### Data
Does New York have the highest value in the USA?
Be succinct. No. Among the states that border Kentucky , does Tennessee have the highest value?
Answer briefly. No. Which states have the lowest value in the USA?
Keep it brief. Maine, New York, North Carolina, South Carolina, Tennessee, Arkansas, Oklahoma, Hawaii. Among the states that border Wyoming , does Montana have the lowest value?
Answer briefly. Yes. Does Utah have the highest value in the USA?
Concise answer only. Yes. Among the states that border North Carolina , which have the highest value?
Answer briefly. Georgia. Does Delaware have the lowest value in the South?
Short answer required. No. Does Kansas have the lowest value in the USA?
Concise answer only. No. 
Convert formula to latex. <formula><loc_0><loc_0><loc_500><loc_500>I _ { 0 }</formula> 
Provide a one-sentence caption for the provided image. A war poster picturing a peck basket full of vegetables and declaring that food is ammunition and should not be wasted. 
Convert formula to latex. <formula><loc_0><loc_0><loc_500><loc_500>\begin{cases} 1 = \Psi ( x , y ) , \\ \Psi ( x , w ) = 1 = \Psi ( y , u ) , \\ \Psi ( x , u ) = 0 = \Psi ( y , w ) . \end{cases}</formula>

### Assigned task
Starting from the top of the records and ending at the line that contains "Answer briefly. No.", repeat each line exactly and return only those lines.

### Exercise answer
Does New York have the highest value in the USA?
Be succinct. No. Among the states that border Kentucky , does Tennessee have the highest value?
Answer briefly. No. Which states have the lowest value in the USA?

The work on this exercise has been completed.